▶ _DIRECTIONS FOR THIS TASK_: Examine the records below and count how many lines contain the string "right". Give only the number.

======== DATA TO PROCESS ========

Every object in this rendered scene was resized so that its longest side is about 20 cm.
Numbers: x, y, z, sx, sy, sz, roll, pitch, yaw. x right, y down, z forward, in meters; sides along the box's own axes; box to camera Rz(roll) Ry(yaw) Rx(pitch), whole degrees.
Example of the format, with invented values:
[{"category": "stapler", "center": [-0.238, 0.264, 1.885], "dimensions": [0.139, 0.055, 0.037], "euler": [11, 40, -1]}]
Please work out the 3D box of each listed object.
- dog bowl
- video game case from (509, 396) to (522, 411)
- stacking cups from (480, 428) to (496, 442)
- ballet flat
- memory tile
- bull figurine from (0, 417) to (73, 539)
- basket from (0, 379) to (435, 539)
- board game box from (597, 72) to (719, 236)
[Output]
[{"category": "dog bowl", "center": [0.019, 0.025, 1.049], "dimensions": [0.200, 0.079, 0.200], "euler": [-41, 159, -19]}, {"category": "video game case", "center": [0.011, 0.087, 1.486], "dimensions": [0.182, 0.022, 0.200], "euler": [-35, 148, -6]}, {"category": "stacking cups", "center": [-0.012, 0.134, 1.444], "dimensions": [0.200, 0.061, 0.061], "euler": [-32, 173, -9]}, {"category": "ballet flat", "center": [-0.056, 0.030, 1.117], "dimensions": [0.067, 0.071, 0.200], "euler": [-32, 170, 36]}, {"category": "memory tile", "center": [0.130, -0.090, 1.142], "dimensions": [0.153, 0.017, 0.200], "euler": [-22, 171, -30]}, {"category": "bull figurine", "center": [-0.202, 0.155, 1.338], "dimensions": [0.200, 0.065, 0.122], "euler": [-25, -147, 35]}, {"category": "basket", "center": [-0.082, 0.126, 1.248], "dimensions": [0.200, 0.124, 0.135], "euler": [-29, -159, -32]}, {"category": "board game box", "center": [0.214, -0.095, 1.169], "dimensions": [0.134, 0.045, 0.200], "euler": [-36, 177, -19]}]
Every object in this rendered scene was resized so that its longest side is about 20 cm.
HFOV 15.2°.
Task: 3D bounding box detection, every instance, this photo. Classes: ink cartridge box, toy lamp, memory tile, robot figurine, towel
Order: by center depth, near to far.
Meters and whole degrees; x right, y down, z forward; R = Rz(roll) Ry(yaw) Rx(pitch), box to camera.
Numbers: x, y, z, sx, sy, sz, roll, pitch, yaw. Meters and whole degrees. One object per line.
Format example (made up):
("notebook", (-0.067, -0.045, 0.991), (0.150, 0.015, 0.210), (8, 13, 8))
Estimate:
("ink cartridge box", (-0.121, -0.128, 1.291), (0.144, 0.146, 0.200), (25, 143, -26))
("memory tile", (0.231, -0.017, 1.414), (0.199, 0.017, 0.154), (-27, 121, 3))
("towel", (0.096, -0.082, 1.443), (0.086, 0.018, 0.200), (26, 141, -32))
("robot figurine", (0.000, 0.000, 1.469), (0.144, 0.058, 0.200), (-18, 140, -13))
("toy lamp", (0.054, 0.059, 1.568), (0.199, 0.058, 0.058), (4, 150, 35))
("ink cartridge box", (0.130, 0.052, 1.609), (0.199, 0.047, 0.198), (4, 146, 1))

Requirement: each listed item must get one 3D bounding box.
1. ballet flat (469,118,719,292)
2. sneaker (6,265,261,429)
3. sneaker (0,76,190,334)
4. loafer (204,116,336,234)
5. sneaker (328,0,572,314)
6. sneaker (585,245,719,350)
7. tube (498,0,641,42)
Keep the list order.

========

▶ _ANSWER AREA_: 2